We wtorek (25.06) Polska zremisowała 1:1 z Francją w swoim ostatnim meczu na Euro 2024. Porażki we wcześniejszych spotkaniach z Holandia (1:2) i Austrią (1:3) sprawiły, że Biało-Czerwoni z "Trójkolorowymi" grali tylko o honor, gdyż nie mieli już szans na wyjście z grupy.
Francja objęła prowadzenie w 56. minucie gry po strzale Kyliana Mbappe z rzutu karnego. Do remisu w 79. minucie doprowadził Robert Lewandowski, który również wykorzystał "jedenastkę".
Polak potrzebował do tego jednak dwóch podejść, gdyż jego pierwsze uderzenie obronił Mike Maignan. Francuski golkiper wyszedł jednak przed linię bramkową, a rzut karny został powtórzony. Za drugim razem Lewandowski już się nie pomylił.
Sposób, w jaki Lewandowski wykonał rzuty karne, był szeroko komentowany w Polsce i za granicą. 35-letni napastnik FC Barcelony w obu wypadkach podczas rozbiegu wolno drobił kroki, a tuż przed oddaniem strzału dwukrotnie przystanął, próbując zmylić bramkarza. Wideo przedstawiające tę sytuację zamieszczamy poniżej.
Nie spodobało się to m.in. Radosławowi Kałużnemu. 41-krotny reprezentant Polski w rozmowie z "Przeglądem Sportowym" nie krył złości na obecnego kapitana kadry.

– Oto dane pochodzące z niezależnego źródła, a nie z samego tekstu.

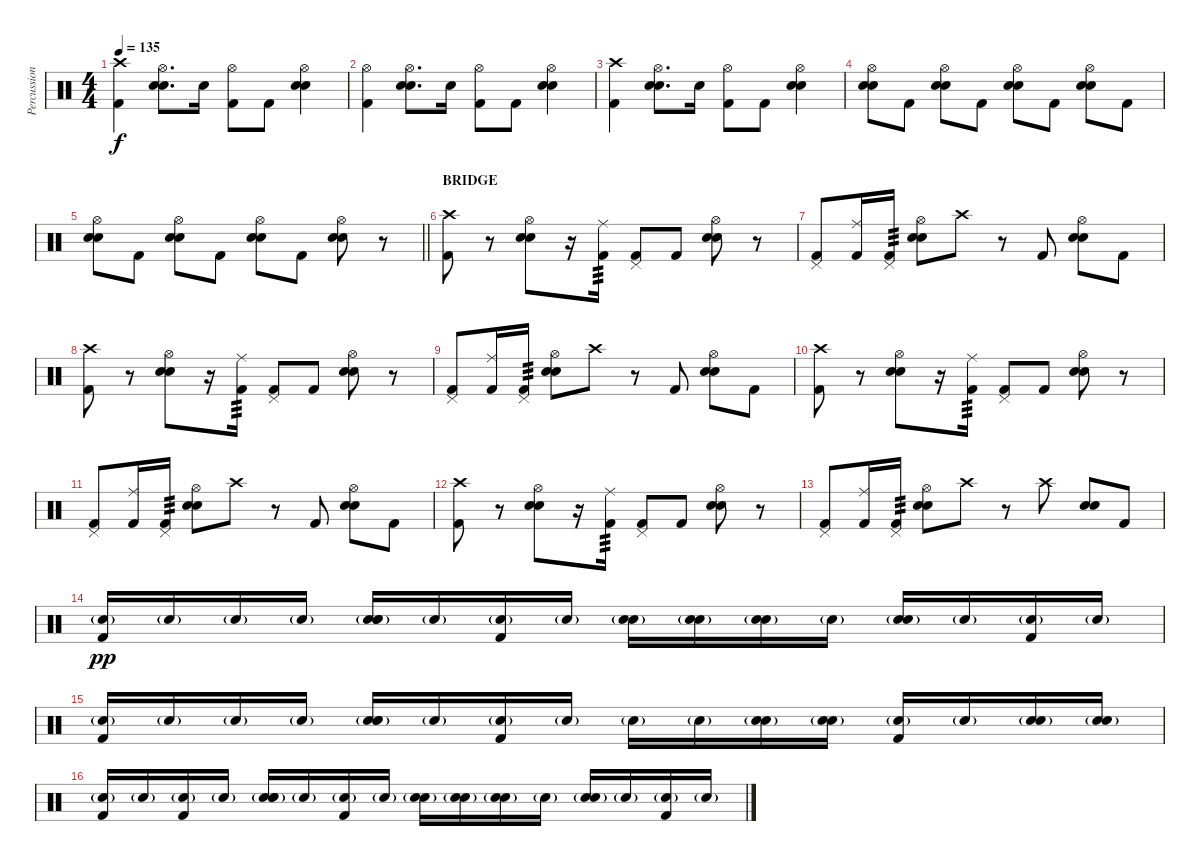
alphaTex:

\track ("Percussion" "Percussion") {instrument percussion}
\staff {score}
\articulation defaults
\ts (4 4)
\tempo 135
\clef neutral
\ks c
("Crash high (hit)" "Kick (hit) 2").4{dy f} ("Hi-Hat (open)" "Snare (hit) 2" "Electric Snare (hit)").8{d} "Electric Snare (hit)".16 ("Hi-Hat (open)" "Kick (hit) 2").8 "Kick (hit) 2".8 ("Hi-Hat (open)" "Snare (hit) 2" "Electric Snare (hit)").4 |
("Hi-Hat (open)" "Kick (hit) 2").4 ("Hi-Hat (open)" "Snare (hit) 2" "Electric Snare (hit)").8{d} "Electric Snare (hit)".16 ("Hi-Hat (open)" "Kick (hit) 2").8 "Kick (hit) 2".8 ("Hi-Hat (open)" "Snare (hit) 2" "Electric Snare (hit)").4 |
("Crash high (hit)" "Kick (hit) 2").4 ("Hi-Hat (open)" "Snare (hit) 2" "Electric Snare (hit)").8{d} "Electric Snare (hit)".16 ("Hi-Hat (open)" "Kick (hit) 2").8 "Kick (hit) 2".8 ("Hi-Hat (open)" "Snare (hit) 2" "Electric Snare (hit)").4 |
("Hi-Hat (open)" "Snare (hit) 2" "Electric Snare (hit)").8 "Kick (hit) 2".8 ("Hi-Hat (open)" "Snare (hit) 2" "Electric Snare (hit)").8 "Kick (hit) 2".8 ("Hi-Hat (open)" "Snare (hit) 2" "Electric Snare (hit)").8 "Kick (hit) 2".8 ("Hi-Hat (open)" "Snare (hit) 2" "Electric Snare (hit)").8 "Kick (hit) 2".8 |
\barLineRight lightlight
("Hi-Hat (open)" "Snare (hit) 2" "Electric Snare (hit)").8 "Kick (hit) 2".8 ("Hi-Hat (open)" "Snare (hit) 2" "Electric Snare (hit)").8 "Kick (hit) 2".8 ("Hi-Hat (open)" "Snare (hit) 2" "Electric Snare (hit)").8 "Kick (hit) 2".8 ("Hi-Hat (open)" "Snare (hit) 2" "Electric Snare (hit)").8 r.8 |
\section ("" "BRIDGE")
("Crash high (hit)" "Kick (hit) 2").8 r.8 ("Hi-Hat (open)" "Snare (hit) 2" "Electric Snare (hit)").8 r.16 ("Ride (middle)" "Kick (hit) 2").16{tp 3} ("Pedal Hi-Hat (hit)" "Kick (hit) 2").8 "Kick (hit) 2".8 ("Hi-Hat (open)" "Snare (hit) 2" "Electric Snare (hit)").8 r.8 |
("Pedal Hi-Hat (hit)" "Kick (hit) 2").8 ("Ride (middle)" "Kick (hit) 2").16 ("Pedal Hi-Hat (hit)" "Kick (hit) 2").16{tp 3} ("Hi-Hat (open)" "Snare (hit) 2" "Electric Snare (hit)").8 "Crash high (hit)".8 r.8 "Kick (hit) 2".8 ("Hi-Hat (open)" "Snare (hit) 2" "Electric Snare (hit)").8 "Kick (hit) 2".8 |
("Crash high (hit)" "Kick (hit) 2").8 r.8 ("Hi-Hat (open)" "Snare (hit) 2" "Electric Snare (hit)").8 r.16 ("Ride (middle)" "Kick (hit) 2").16{tp 3} ("Pedal Hi-Hat (hit)" "Kick (hit) 2").8 "Kick (hit) 2".8 ("Hi-Hat (open)" "Snare (hit) 2" "Electric Snare (hit)").8 r.8 |
("Pedal Hi-Hat (hit)" "Kick (hit) 2").8 ("Ride (middle)" "Kick (hit) 2").16 ("Pedal Hi-Hat (hit)" "Kick (hit) 2").16{tp 3} ("Hi-Hat (open)" "Snare (hit) 2" "Electric Snare (hit)").8 "Crash high (hit)".8 r.8 "Kick (hit) 2".8 ("Hi-Hat (open)" "Snare (hit) 2" "Electric Snare (hit)").8 "Kick (hit) 2".8 |
("Crash high (hit)" "Kick (hit) 2").8 r.8 ("Hi-Hat (open)" "Snare (hit) 2" "Electric Snare (hit)").8 r.16 ("Ride (middle)" "Kick (hit) 2").16{tp 3} ("Pedal Hi-Hat (hit)" "Kick (hit) 2").8 "Kick (hit) 2".8 ("Hi-Hat (open)" "Snare (hit) 2" "Electric Snare (hit)").8 r.8 |
("Pedal Hi-Hat (hit)" "Kick (hit) 2").8 ("Ride (middle)" "Kick (hit) 2").16 ("Pedal Hi-Hat (hit)" "Kick (hit) 2").16{tp 3} ("Hi-Hat (open)" "Snare (hit) 2" "Electric Snare (hit)").8 "Crash high (hit)".8 r.8 "Kick (hit) 2".8 ("Hi-Hat (open)" "Snare (hit) 2" "Electric Snare (hit)").8 "Kick (hit) 2".8 |
("Crash high (hit)" "Kick (hit) 2").8 r.8 ("Hi-Hat (open)" "Snare (hit) 2" "Electric Snare (hit)").8 r.16 ("Ride (middle)" "Kick (hit) 2").16{tp 3} ("Pedal Hi-Hat (hit)" "Kick (hit) 2").8 "Kick (hit) 2".8 ("Hi-Hat (open)" "Snare (hit) 2" "Electric Snare (hit)").8 r.8 |
("Pedal Hi-Hat (hit)" "Kick (hit) 2").8 ("Ride (middle)" "Kick (hit) 2").16 ("Pedal Hi-Hat (hit)" "Kick (hit) 2").16{tp 3} ("Hi-Hat (open)" "Snare (hit) 2" "Electric Snare (hit)").8 "Crash high (hit)".8 r.8 "Crash high (hit)".8 ("Snare (hit) 2" "Electric Snare (hit)").8 "Kick (hit) 2".8 |
("Snare (hit) 2"{g} "Kick (hit) 2").16{dy pp} "Snare (hit) 2"{g}.16 "Snare (hit) 2"{g}.16 "Snare (hit) 2"{g}.16 ("Snare (hit) 2" "Electric Snare (hit)" "Snare (hit) 2"{g}).16 "Snare (hit) 2"{g}.16 ("Snare (hit) 2"{g} "Kick (hit) 2").16 "Snare (hit) 2"{g}.16 ("Electric Snare (hit)" "Snare (hit) 2"{g}).16 ("Electric Snare (hit)" "Snare (hit) 2"{g}).16 ("Electric Snare (hit)" "Snare (hit) 2"{g}).16 "Snare (hit) 2"{g}.16 ("Electric Snare (hit)" "Snare (hit) 2"{g}).16 "Snare (hit) 2"{g}.16 ("Snare (hit) 2"{g} "Kick (hit) 2").16 "Snare (hit) 2"{g}.16 |
("Snare (hit) 2"{g} "Kick (hit) 2").16 "Snare (hit) 2"{g}.16 "Snare (hit) 2"{g}.16 "Snare (hit) 2"{g}.16 ("Snare (hit) 2" "Electric Snare (hit)" "Snare (hit) 2"{g}).16 "Snare (hit) 2"{g}.16 ("Snare (hit) 2"{g} "Kick (hit) 2").16 "Snare (hit) 2"{g}.16 "Snare (hit) 2"{g}.16 "Snare (hit) 2"{g}.16 ("Electric Snare (hit)" "Snare (hit) 2"{g}).16 ("Electric Snare (hit)" "Snare (hit) 2"{g}).16 ("Snare (hit) 2"{g} "Kick (hit) 2").16 "Snare (hit) 2"{g}.16 ("Electric Snare (hit)" "Snare (hit) 2"{g}).16 ("Electric Snare (hit)" "Snare (hit) 2"{g}).16 |
("Snare (hit) 2"{g} "Kick (hit) 2").16 "Snare (hit) 2"{g}.16 ("Snare (hit) 2"{g} "Kick (hit) 2").16 "Snare (hit) 2"{g}.16 ("Snare (hit) 2" "Electric Snare (hit)" "Snare (hit) 2"{g}).16 "Snare (hit) 2"{g}.16 ("Snare (hit) 2"{g} "Kick (hit) 2").16 "Snare (hit) 2"{g}.16 ("Electric Snare (hit)" "Snare (hit) 2"{g}).16 ("Electric Snare (hit)" "Snare (hit) 2"{g}).16 ("Electric Snare (hit)" "Snare (hit) 2"{g}).16 "Snare (hit) 2"{g}.16 ("Electric Snare (hit)" "Snare (hit) 2"{g}).16 "Snare (hit) 2"{g}.16 ("Snare (hit) 2"{g} "Kick (hit) 2").16 "Snare (hit) 2"{g}.16

- Skończyło się na powtórce i na golu, ale to było kuriozalne i wręcz żałosne - wypalił emerytowany pomocnik o tym rzucie karnym.
W towarzyskim meczu z Turcją, poprzedzającym wyjazd Biało-Czerwonych do Niemiec, Lewandowski naderwał mięsień dwugłowy uda. Uraz wykluczył go z meczu z Holandią, a z Austrią 35-latek zameldował się na boisku w drugiej połowie gry.
Z Francją za to wybiegł na murawę w wyjściowym składzie. Kałużny jest zdania, że obecność gracza Barcelony nie wpłynęła na lepszą grę kadry podczas Euro 2024.
- Uważam ze reprezentacja, szczególnie meczem z Holendrami, udowodniła, że potrafi grać bez Roberta. Kiedy wszedł w meczu z Austrią, nie było z nami lepiej. Nie popadajmy w skrajność i nie skreślajmy go z kadry, bo byłoby to absurdem, ale weźmy pod uwagę, że może on usiąść na ławce, zacząć na niej mecz. Dziś nie mamy do czynienia z Robertem w swoim najlepszym czasie, a z piłkarzem, który powolutku, ale jednak, będzie się zbierał do zejścia ze sceny - mówił "Przeglądowi Sportowemu" Kałużny.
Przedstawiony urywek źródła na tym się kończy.